CalSTRS may expand allocation range for alternatives

The $147bn US pension will decide today whether it will respond to the denominator effect by increasing the amount it is allowed to invest in real estate to 17% of total assets.

The California State Teachers' Retirement System has asked its board to increase its acceptable real estate allocation to 17 percent in an effort to counterbalance its over-weighted portfolio.

As of 30 September, 14.4 percent of CalSTRS' investment portfolio was comprised of real estate; its acceptable allocation range for the asset class is between 4 percent and 13 percent with a target of 11 percent.

Under a new allocation policy up for approval today, the $146 billion CalSTRS would be able to invest up to 17 percent of its portfolio in real estate, with a minimum threshold of 5 percent. CalSTRS' long-term target

CalSTRS' similarly over-weighted private equity portfolio would also receive a bump in its allocation range. The pension currently is allowed to invest between 4 percent and 11 percent with a target of 9 percent. At present, 12 percent of CalSTRS' investment portfolio was comprised of private equity. Those limits would be boosted to between 3 percent and 15 percent.
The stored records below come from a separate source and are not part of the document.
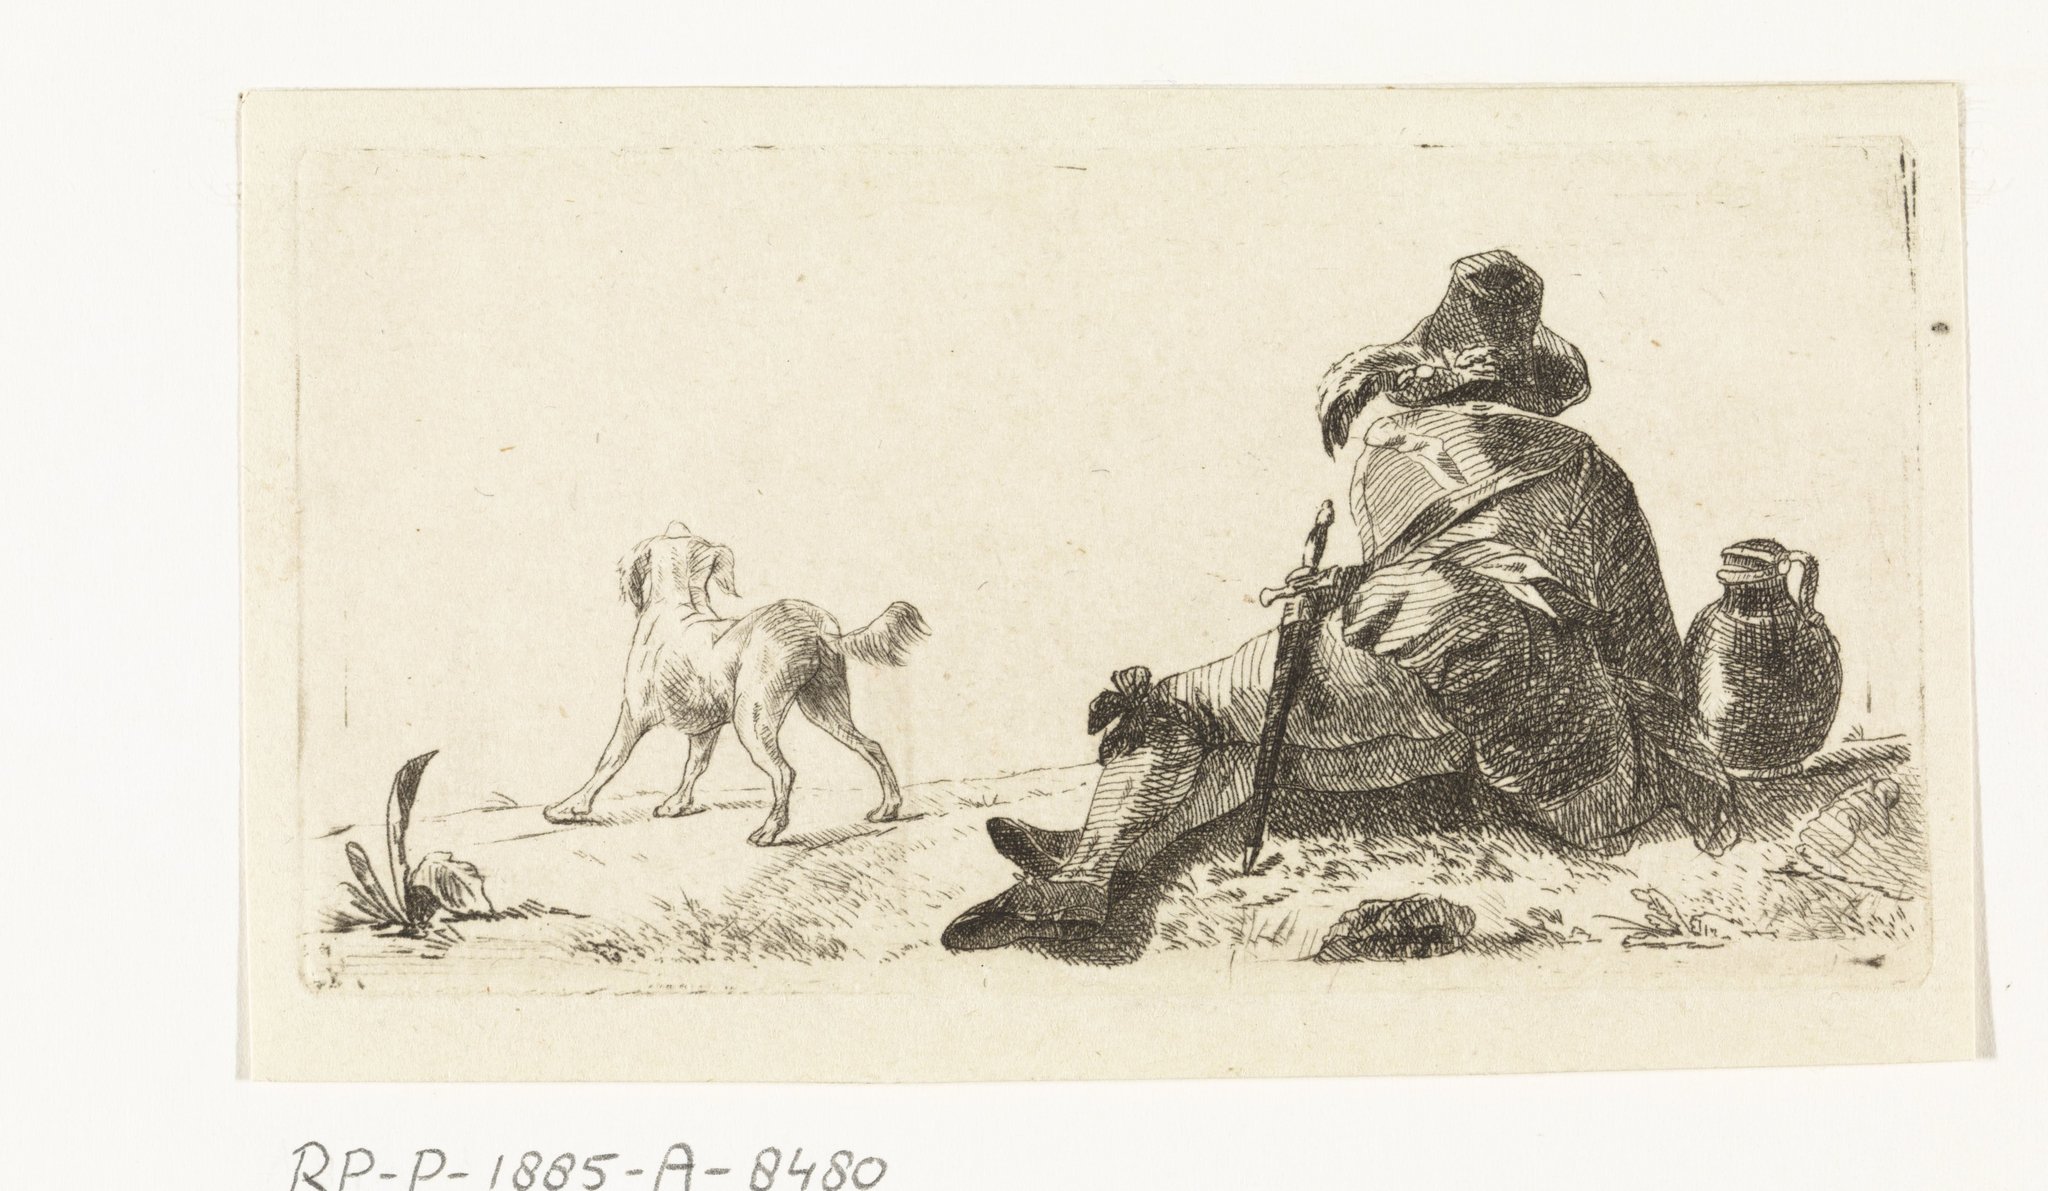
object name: print
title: Man met hond
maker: paulus charles gerard poelman
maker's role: draughtsman, painter, print maker
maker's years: 1792-1846
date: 1803-1846
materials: paper
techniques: etching
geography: utrecht
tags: dog
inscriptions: collector's mark: Lugt 2228
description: Een man, op de rug gezien, zit op de grond met naast hem een kruik. Hij draagt een zwaard en een hoed met veren. Schuin voor hem staat een blaffende hond, eveneens van achteren gezien.
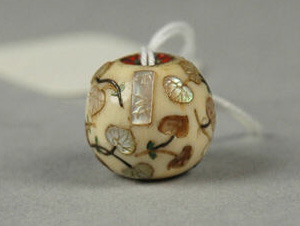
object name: ojime
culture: japanese
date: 1801-1900
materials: ivory
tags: leaves
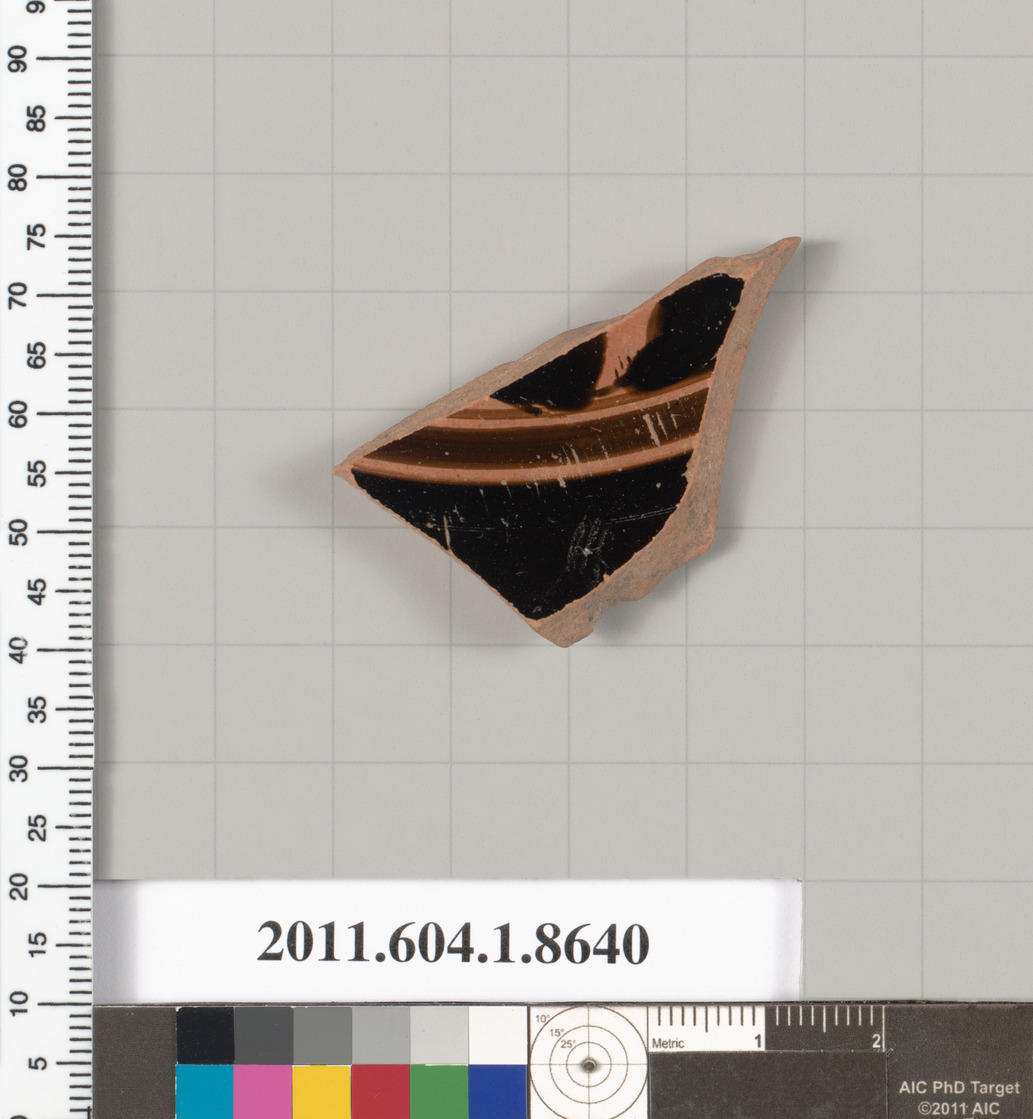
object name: kylix fragment
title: Terracotta fragment of a stemless kylix (drinking cup)
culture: greek, attic
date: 467-435 BCE
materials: terracotta

The move is a major shift for CalSTRS and is meant to avoid the automatic portfolio rebalancing triggered when an asset class becomes over-weighted.
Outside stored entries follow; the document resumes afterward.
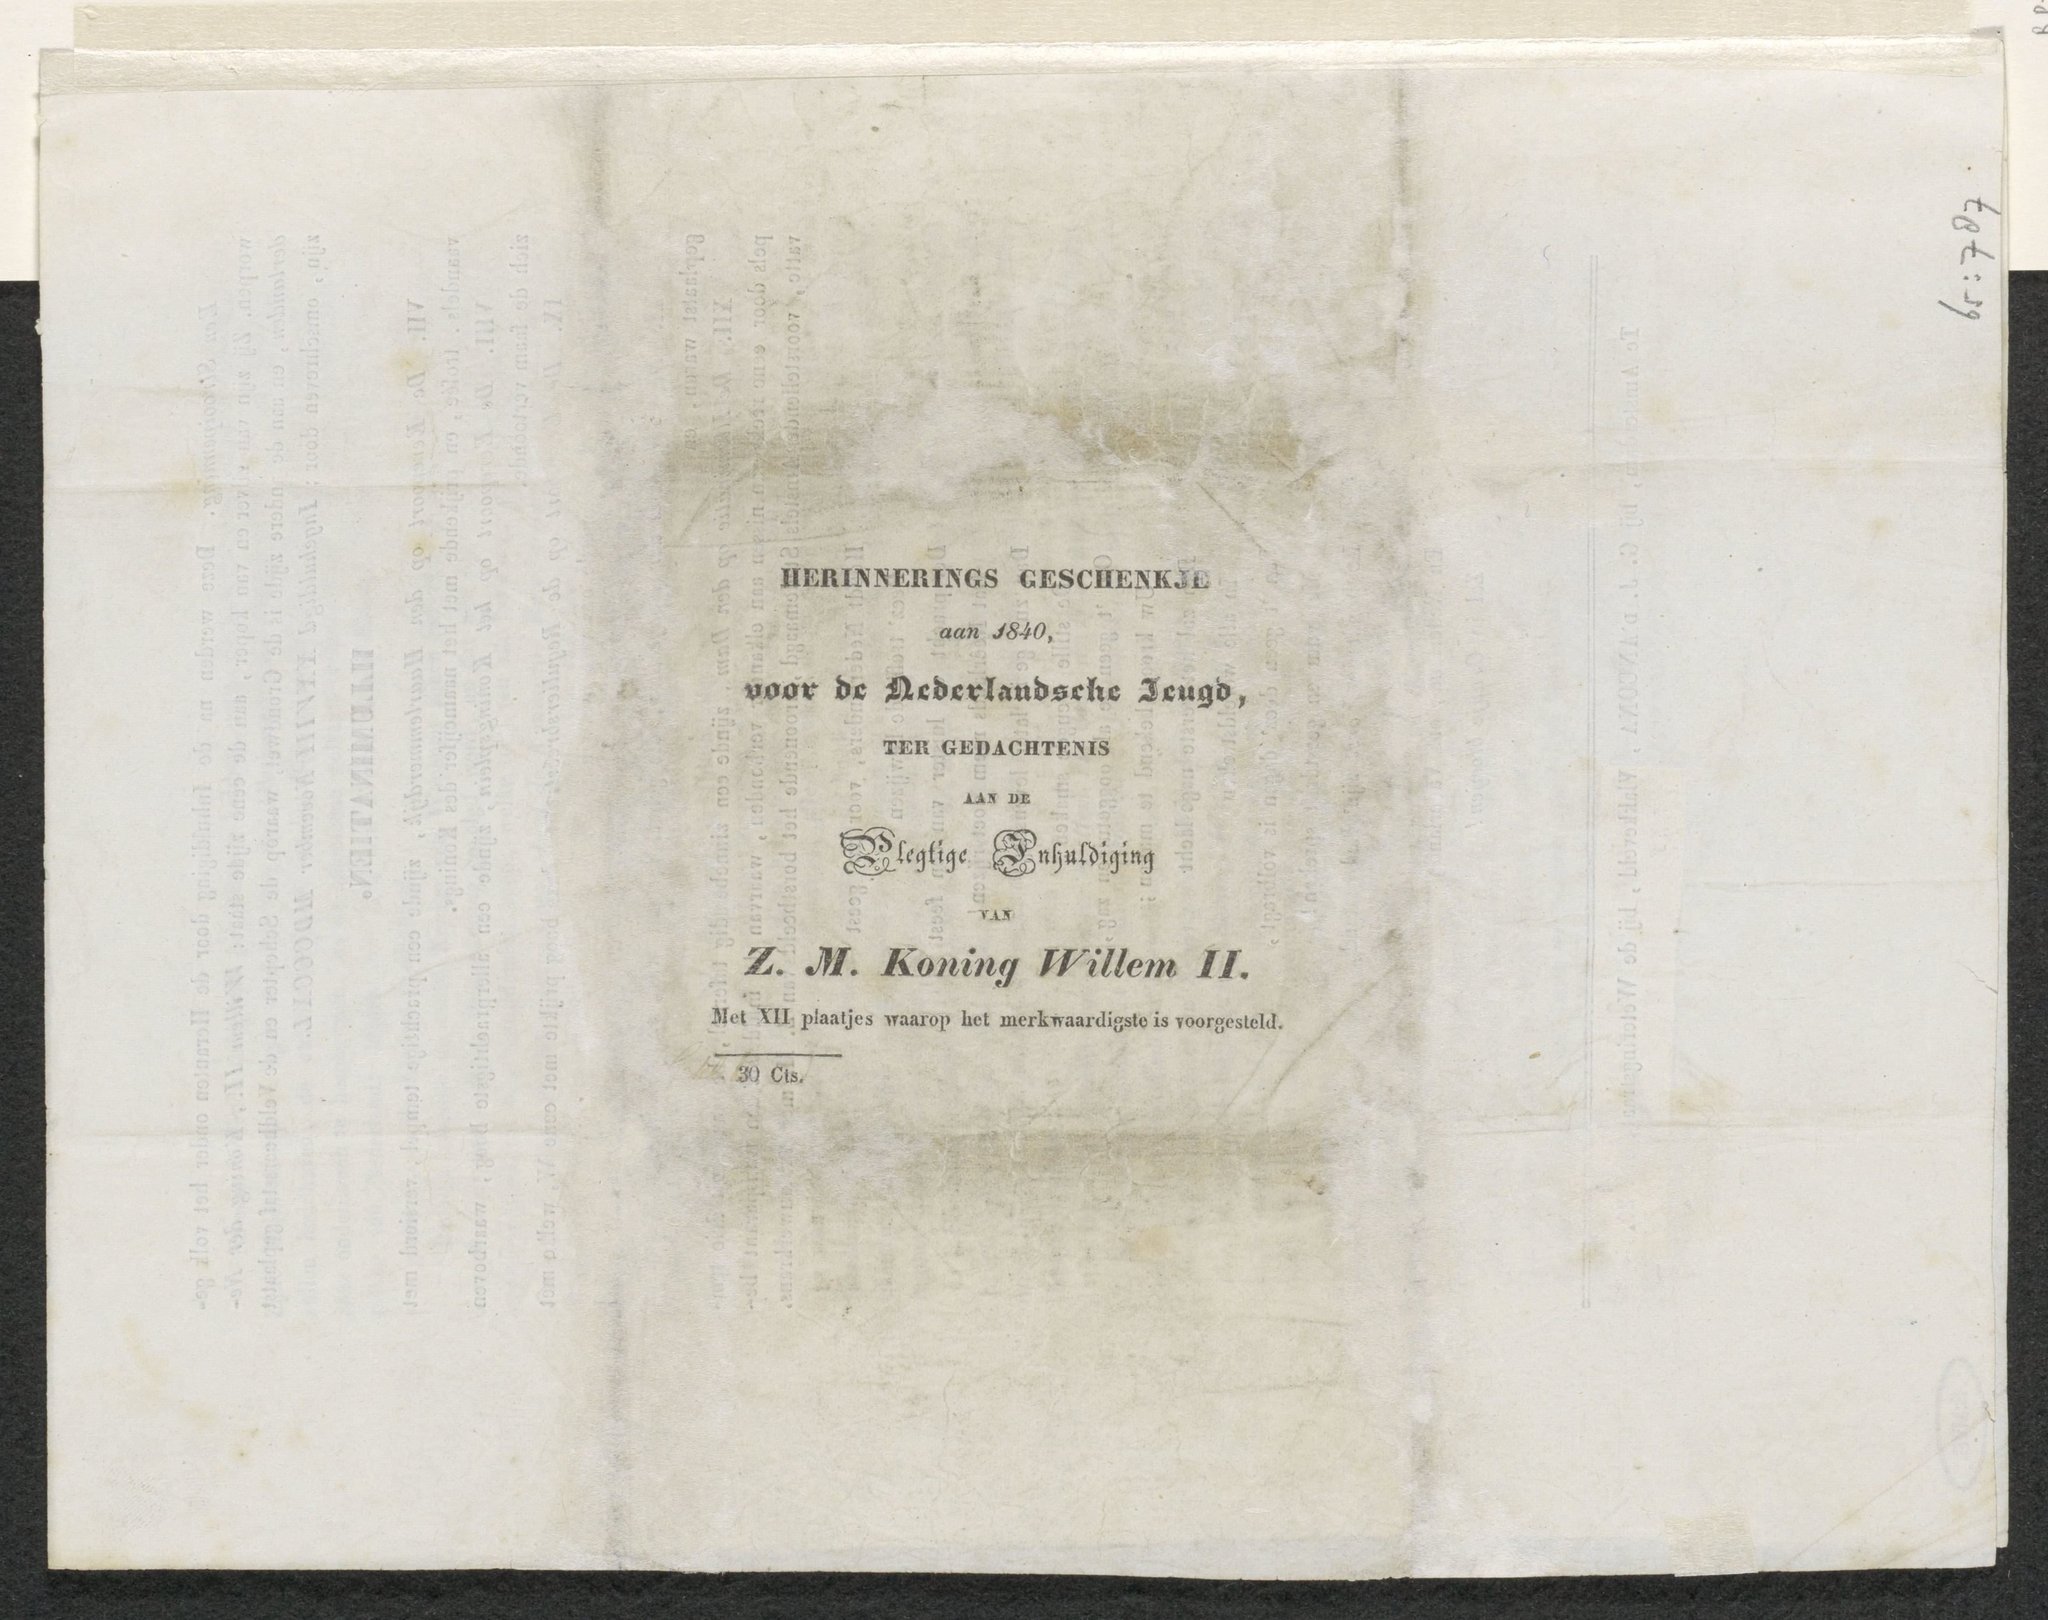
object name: wrapper
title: Herinnerings Geschenkje aan 1840, voor de Nederlandsche Jeugd, ter gedachtenis aan de Plegtige Inhuldiging van Z.M. Koning Willem II. Met XII plaatjes waarop het merkwaardigste is voorgesteld
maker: georgius jacobus d ancona
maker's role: bookseller, publisher
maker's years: 1803-1850
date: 1840-1841
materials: paper
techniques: letterpress printing
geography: amsterdam
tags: the hague, william ii of the netherlands, other forms of installation, amsterdam
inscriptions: collector's mark: Lugt 2228
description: Omslag voor een groep van twaalf prenten met voorstellingen van de belangrijkste momenten tijdens de intocht van Willem II, de erepoorten opgericht in de stad en de inhuldiging op 28 november 1840 in de Nieuwe Kerk te Amsterdam. Dubbelgevouwen blad met een oproep aan 'Neêrlands Jeugd!', een lijst van de prenten I-XII en een gedicht. Het blad kan als een envelop om de prentjes heen dichtgevouwen worden.

The pension has not altered its target allocation range for private equity, real estate and cash since 2001, when it approved a plus or minus two percent range for the three asset classes.

That range is tighter than the average public pension plan, which uses a plus or minus five percent range for all asset classes, according to CalSTRS committee documents.

“Due to the decline in global equity values and, on the other hand, the illiquidity and static value of private equity and real estate the allocation to those areas has well exceeded their policy ranges,” staff wrote in public CalSTRS investment committee documents.  “With the market volatility and lack of liquidity, it is not prudent to be forced into automatic rebalancing.”

In an effort to achieve that kind of flexibility, CalSTRS  will also double its allowance for public asset classes, which have dipped well below their target allocations as a result of the precipitous decline in public markets both in the US and abroad.

Like CalSTRS, institutional investors around the world are confronting over-weighted alternatives allocations, which are restricting their ability to commit to private equity and real estate funds.

Instead of hiking their private equity allocations, many investors have taken to the secondaries market to help alleviate over-weighting problems.

Gary Stevens, partner of Landmark Partners, recently told PERE he had received more phone calls over the past few months from LPs and investors than in the previous three years combined.